The antitank guided missile variant, the Ratel ZT-3, is equipped with the indigenously-developed ZT-3 heavy antitank missile, known variously as the Makopa (Swift) and Ingwe (Leopard). The Ratel ZT3 is basically a Ratel-20 with a different turret, which is fitted with a three-round missile launcher. Other missiles are carried within the hull. This laser-guided ATGM is roughly comparable to the European HOT or American TOW missiles in performance; in fact, there have been allegations of it being based on a TOW prototype design which the Central Intelligence Agency provided to South Africa during the 1980s. It entered service in the late 1980s, in time for Operation Modular, and did yeoman service against enemy armor at Cuato Canevale. The SADF was previously limited to the obsolete French -designed ENTAC Wire-guided ATGM , which was usually transported in Land Rover s or other unarmoured vehicles.
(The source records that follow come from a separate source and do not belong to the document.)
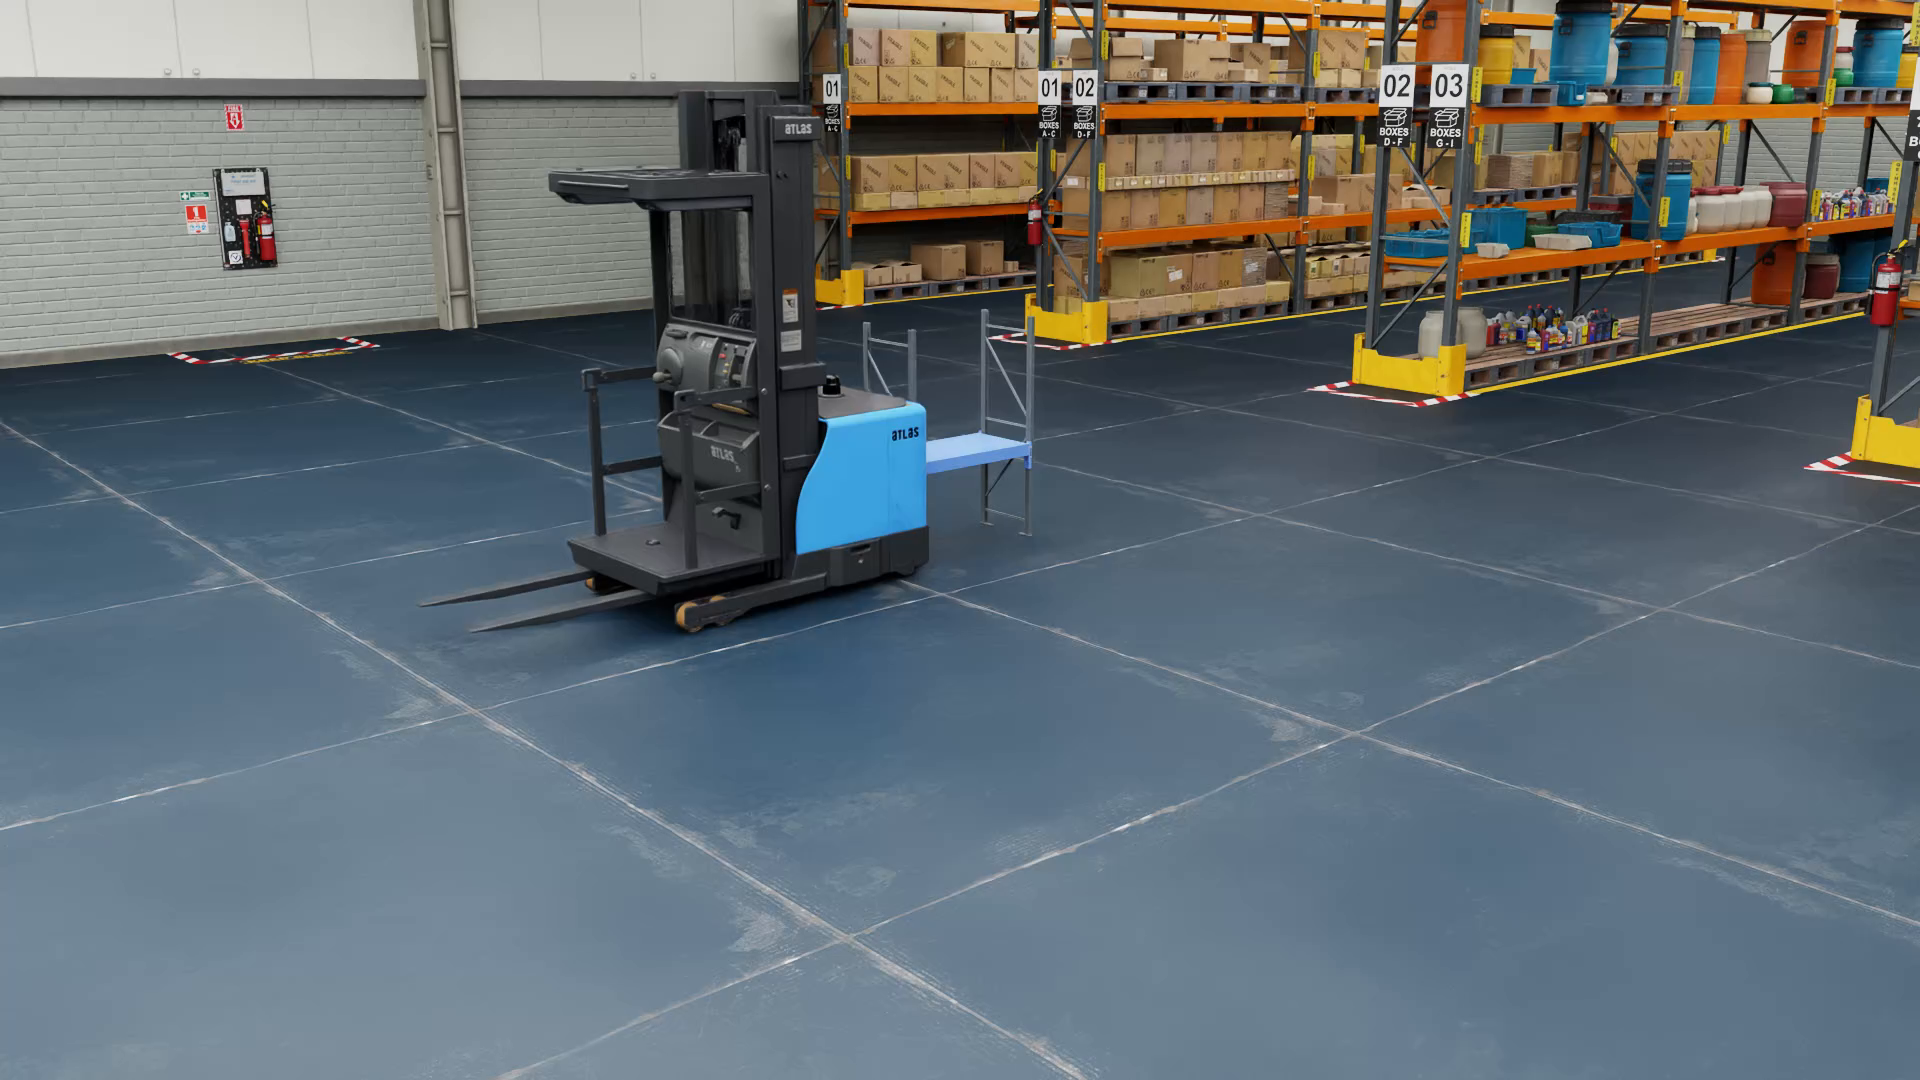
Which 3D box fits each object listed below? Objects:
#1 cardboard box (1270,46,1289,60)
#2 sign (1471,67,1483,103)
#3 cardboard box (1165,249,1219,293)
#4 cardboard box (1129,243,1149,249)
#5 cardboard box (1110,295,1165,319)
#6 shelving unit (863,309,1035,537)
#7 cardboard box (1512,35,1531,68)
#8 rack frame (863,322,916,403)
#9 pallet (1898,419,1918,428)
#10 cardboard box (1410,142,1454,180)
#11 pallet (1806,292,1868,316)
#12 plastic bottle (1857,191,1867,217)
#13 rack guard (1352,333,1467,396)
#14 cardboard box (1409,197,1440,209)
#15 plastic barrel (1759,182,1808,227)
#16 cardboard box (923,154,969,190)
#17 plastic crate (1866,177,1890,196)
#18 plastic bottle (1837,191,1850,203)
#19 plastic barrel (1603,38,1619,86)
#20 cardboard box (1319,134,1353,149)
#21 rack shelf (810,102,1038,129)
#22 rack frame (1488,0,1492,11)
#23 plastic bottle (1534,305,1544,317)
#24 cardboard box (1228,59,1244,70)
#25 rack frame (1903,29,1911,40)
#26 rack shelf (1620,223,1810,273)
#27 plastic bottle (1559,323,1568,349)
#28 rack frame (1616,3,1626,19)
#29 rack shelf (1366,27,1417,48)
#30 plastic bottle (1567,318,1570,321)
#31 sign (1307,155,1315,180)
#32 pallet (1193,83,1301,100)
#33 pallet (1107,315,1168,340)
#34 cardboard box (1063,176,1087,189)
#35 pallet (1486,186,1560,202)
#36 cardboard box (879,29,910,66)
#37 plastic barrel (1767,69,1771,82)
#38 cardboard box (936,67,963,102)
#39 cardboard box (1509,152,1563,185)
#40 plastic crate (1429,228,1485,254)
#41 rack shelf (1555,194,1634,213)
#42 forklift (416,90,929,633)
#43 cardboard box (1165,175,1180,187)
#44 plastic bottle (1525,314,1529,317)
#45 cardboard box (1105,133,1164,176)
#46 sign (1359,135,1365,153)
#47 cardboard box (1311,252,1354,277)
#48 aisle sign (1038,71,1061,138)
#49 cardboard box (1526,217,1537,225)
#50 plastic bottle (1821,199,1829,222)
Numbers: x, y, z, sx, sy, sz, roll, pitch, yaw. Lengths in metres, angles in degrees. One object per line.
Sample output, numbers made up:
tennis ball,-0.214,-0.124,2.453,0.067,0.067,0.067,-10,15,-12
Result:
cardboard box,5.965,-8.812,30.116,0.500,0.250,0.500,-13,20,-41
sign,4.930,-4.344,15.870,0.005,0.325,0.100,-13,19,-39
cardboard box,3.008,-3.501,21.606,0.500,0.500,0.500,-13,19,-39
cardboard box,2.774,-5.001,28.150,0.500,0.500,0.700,-13,20,-40
cardboard box,2.249,-2.971,21.073,0.500,0.250,0.500,-13,19,-39
shelving unit,-0.064,-0.710,11.002,1.048,1.500,0.538,-13,19,-39
cardboard box,8.462,-7.544,25.738,0.500,0.500,0.500,-13,19,-39
rack frame,-0.448,-0.624,10.680,0.032,1.500,0.500,-13,19,-39
pallet,8.517,-0.830,13.950,1.213,0.211,1.003,-13,19,-39
cardboard box,9.220,-7.569,33.191,0.700,0.700,0.980,-13,20,-40
pallet,12.095,-3.354,23.396,1.213,0.211,1.003,-13,19,-39
plastic bottle,12.316,-4.601,22.759,0.185,0.351,0.144,-13,19,-39
rack guard,4.599,-1.813,17.067,0.348,0.500,1.175,-13,19,-39
cardboard box,6.862,-4.991,24.609,0.250,0.149,0.380,-13,19,-39
plastic barrel,10.457,-4.282,21.203,0.708,0.536,0.600,-13,19,-39
cardboard box,-0.218,-5.507,24.852,0.500,0.500,0.500,-12,19,-38
plastic crate,13.754,-5.198,24.812,0.575,0.384,0.392,-13,19,-39
plastic bottle,12.114,-4.608,22.785,0.185,0.351,0.144,-13,19,-39
plastic barrel,7.136,-5.347,18.613,0.421,0.512,0.421,0,15,0
cardboard box,6.937,-7.395,30.860,0.500,0.250,0.500,-12,19,-38
rack shelf,-0.422,-6.367,24.857,4.000,0.370,1.077,-13,19,-39
rack frame,10.139,-10.536,33.256,0.127,3.000,1.000,-13,19,-39
plastic bottle,6.709,-2.553,19.275,0.185,0.351,0.144,-12,19,-38
cardboard box,3.381,-6.192,21.894,0.500,0.311,0.500,-14,20,-42
rack frame,13.625,-7.930,23.499,0.127,3.000,1.000,-13,19,-39
rack shelf,9.099,-3.667,20.560,4.000,0.370,1.077,-13,19,-39
plastic bottle,6.632,-2.249,18.290,0.097,0.271,0.097,0,15,0
rack frame,10.376,-8.894,27.111,0.127,3.000,1.000,-13,19,-39
rack shelf,8.631,-9.656,32.132,4.000,0.370,1.077,-13,19,-39
plastic bottle,6.818,-2.339,18.606,0.133,0.283,0.061,-13,19,-39
sign,4.707,-4.990,22.286,0.005,0.325,0.100,-13,19,-39
pallet,3.715,-5.898,21.876,1.213,0.211,1.003,-13,19,-39
pallet,1.873,-2.754,21.150,1.213,0.211,1.003,-13,19,-39
cardboard box,1.487,-4.427,20.559,0.250,0.149,0.380,-13,20,-40
pallet,8.823,-5.556,26.610,1.213,0.211,1.003,-13,19,-39
cardboard box,-1.069,-7.010,23.700,0.500,0.500,0.500,-13,20,-40
plastic barrel,10.172,-5.864,21.361,0.421,0.512,0.421,0,15,0
cardboard box,-0.306,-6.710,24.512,0.500,0.500,0.500,-11,19,-36
cardboard box,9.395,-6.082,27.198,0.500,0.500,0.700,-9,17,-31
plastic crate,5.247,-3.178,17.625,0.408,0.251,0.499,-13,19,-39
rack shelf,11.885,-5.987,29.246,4.000,0.370,1.077,-13,19,-39
forklift,-1.627,-1.051,9.506,3.031,2.935,1.130,-13,20,-40
cardboard box,2.539,-4.525,20.926,0.250,0.149,0.380,-14,20,-41
plastic bottle,6.480,-2.450,19.045,0.097,0.271,0.097,0,15,0
cardboard box,2.118,-4.814,20.752,0.500,0.500,0.700,-13,20,-41
sign,7.485,-7.377,30.965,0.005,0.325,0.100,-13,19,-39
cardboard box,5.198,-3.892,23.434,0.500,0.311,0.500,-13,20,-40
aisle sign,1.082,-5.265,20.112,0.004,0.787,0.394,-13,19,-39
cardboard box,9.097,-5.159,27.291,0.500,0.250,0.500,-13,19,-39
plastic bottle,11.424,-4.354,21.965,0.133,0.283,0.061,-13,19,-39
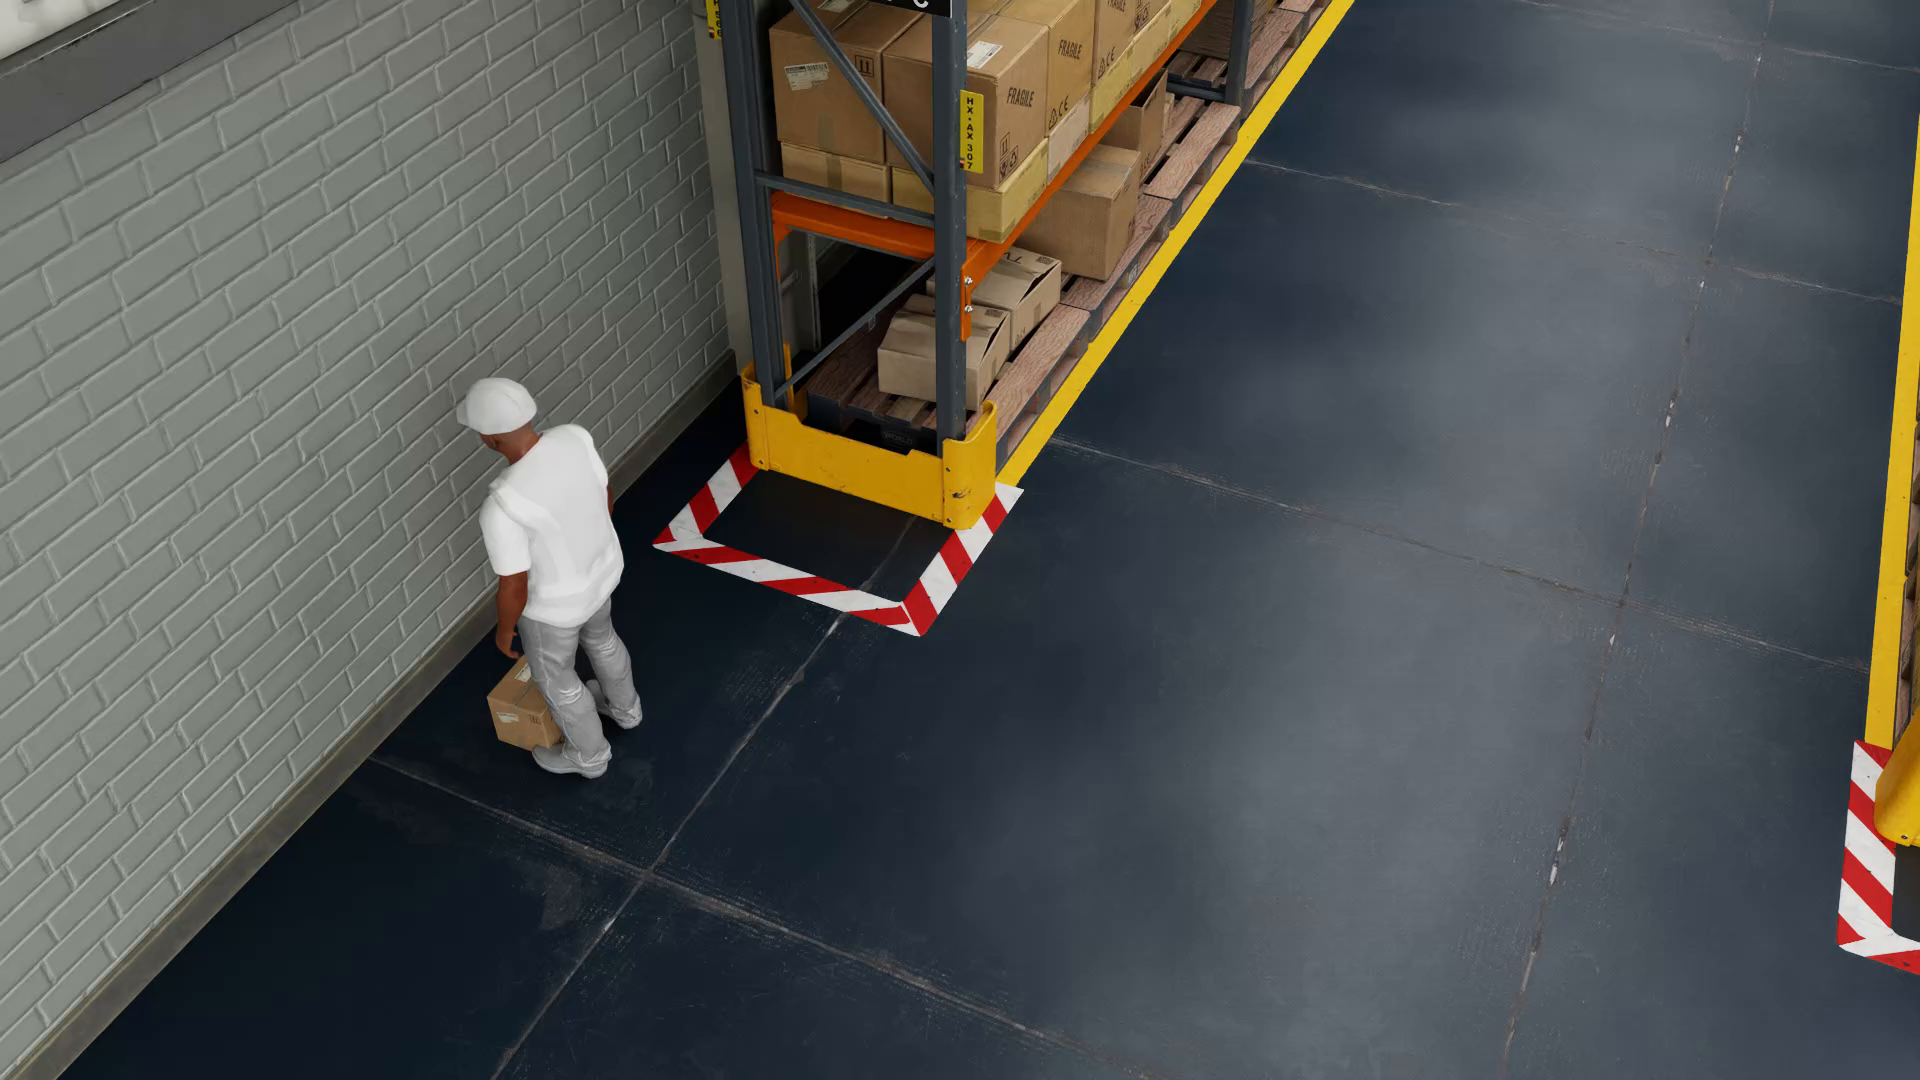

A typical SADF mechanized company consists of 16 Ratels, with three four-vehicle rifle platoons and a two-vehicle command section. A battalion's support company consists of 3 Ratel 90; 3 MILAN team in APC or Ratel-ZT3, 6 Ratel 81mm Mortar vehicles, and 3 Ystervark self-propelled 20mm AA vehicles. Since SADF units frequently operated in ad-hoc task forces during the Bushwar, however, units structures and equipment frequently varied widely. At the time of Operation Modular in 1988, for example, the 61st Mechanized's task force consisted of two infantry companies with Ratel 20s, an armored car squadron with 14 Ratel 90s, a mortar platoon with 12 81mm Ratels, an antitank company with a mix of ATGW and Ratel-90 vehicles as well as other attachments.


PRODUCTION HISTORY

The South African Army had been using the 6x6 British Alvis Saracen APC for several years before the acquisition of spare parts become problematic due to the arms embargo, the South Africans decided to manufacture a new vehicle to satisfy their needs. After building the Eland , a modified version of the 4x4 Panhard AML armoured car, Sandock then undertook to design a replacement for the Saracen. The prototype was completed in 1976, and the first units rolled out the following year. Since then, over a thousand Ratel vehicles were manufactured.